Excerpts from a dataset
* * *
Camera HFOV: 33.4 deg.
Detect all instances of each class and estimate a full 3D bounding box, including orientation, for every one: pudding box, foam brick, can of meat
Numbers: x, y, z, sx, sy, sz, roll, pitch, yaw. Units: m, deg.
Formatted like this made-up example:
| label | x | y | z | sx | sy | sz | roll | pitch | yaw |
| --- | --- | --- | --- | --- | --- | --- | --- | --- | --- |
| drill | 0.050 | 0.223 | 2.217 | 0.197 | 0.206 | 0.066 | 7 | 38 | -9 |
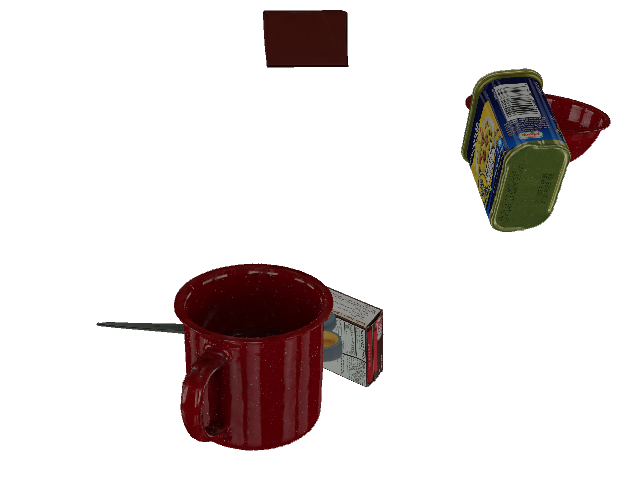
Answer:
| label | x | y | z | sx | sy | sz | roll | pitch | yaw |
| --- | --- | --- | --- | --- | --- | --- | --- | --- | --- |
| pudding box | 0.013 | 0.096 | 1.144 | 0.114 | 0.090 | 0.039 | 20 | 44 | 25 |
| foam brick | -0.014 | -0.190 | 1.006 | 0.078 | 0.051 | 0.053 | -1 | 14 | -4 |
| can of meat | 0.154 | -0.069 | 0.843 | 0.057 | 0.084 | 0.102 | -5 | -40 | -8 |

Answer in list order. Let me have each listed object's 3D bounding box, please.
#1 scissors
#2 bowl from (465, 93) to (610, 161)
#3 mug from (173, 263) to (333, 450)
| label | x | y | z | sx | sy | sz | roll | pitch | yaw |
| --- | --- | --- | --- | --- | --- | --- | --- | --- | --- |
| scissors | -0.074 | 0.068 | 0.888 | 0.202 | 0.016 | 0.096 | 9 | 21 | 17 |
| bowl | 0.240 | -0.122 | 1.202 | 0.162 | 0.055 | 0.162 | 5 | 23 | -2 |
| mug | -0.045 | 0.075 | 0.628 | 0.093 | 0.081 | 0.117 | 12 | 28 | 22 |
* * *
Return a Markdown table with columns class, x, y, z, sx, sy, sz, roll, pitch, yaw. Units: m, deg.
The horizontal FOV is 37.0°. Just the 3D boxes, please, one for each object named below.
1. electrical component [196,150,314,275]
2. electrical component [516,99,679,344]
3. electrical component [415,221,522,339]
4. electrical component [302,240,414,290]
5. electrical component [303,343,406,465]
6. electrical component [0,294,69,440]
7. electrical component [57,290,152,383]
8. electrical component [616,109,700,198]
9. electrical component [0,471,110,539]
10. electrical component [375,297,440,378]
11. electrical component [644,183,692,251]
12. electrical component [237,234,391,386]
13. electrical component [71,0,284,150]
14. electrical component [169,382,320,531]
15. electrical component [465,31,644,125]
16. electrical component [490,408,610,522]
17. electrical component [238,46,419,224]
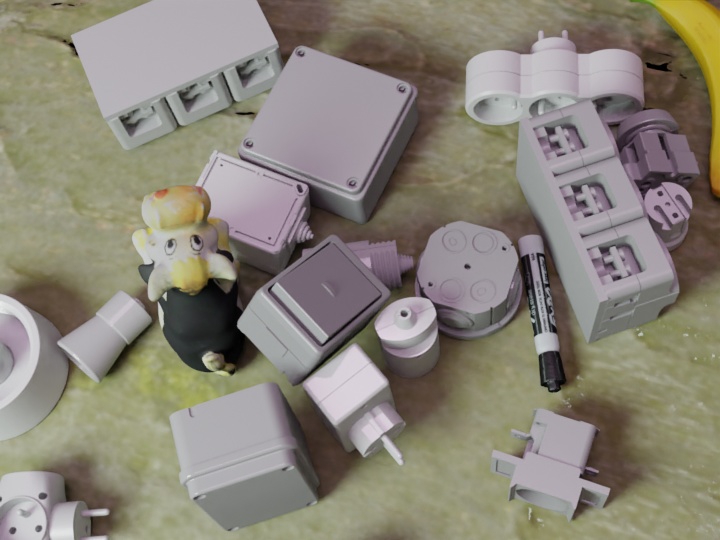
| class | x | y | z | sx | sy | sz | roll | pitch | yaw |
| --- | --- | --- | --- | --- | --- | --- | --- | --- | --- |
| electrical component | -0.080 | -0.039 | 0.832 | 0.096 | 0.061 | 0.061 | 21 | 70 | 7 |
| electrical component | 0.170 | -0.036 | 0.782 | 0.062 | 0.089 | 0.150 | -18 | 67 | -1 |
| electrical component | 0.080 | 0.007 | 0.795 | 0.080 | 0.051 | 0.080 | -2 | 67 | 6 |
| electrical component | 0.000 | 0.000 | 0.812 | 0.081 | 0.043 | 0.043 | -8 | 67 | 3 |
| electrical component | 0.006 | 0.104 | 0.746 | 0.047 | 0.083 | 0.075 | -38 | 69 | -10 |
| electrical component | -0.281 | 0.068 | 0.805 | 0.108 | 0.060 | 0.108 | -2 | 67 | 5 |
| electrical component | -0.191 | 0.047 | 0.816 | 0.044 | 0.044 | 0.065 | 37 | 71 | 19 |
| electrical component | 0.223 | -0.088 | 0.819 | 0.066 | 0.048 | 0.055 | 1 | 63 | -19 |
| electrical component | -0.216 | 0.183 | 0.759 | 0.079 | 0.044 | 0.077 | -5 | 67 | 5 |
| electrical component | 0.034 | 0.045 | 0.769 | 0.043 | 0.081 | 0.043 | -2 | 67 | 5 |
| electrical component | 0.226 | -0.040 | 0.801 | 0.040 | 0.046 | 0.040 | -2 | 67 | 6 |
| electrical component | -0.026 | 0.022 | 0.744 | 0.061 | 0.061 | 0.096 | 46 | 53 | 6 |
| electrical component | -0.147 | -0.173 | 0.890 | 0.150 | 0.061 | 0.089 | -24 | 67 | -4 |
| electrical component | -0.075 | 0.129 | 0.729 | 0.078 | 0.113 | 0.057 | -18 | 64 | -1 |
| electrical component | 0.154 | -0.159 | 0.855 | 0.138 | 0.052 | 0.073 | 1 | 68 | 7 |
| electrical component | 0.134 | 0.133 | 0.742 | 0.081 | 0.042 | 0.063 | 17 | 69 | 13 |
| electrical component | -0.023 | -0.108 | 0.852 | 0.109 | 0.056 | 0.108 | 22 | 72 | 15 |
* * *
*What is required*:
In the records above, find every line that contains the word "object" and copy it.

*Result*:
Answer in list order. Let me have each listed object's 3D bounding box, please.
The horizontal FOV is 37.0°. Just the 3D boxes, please, one for each object named below.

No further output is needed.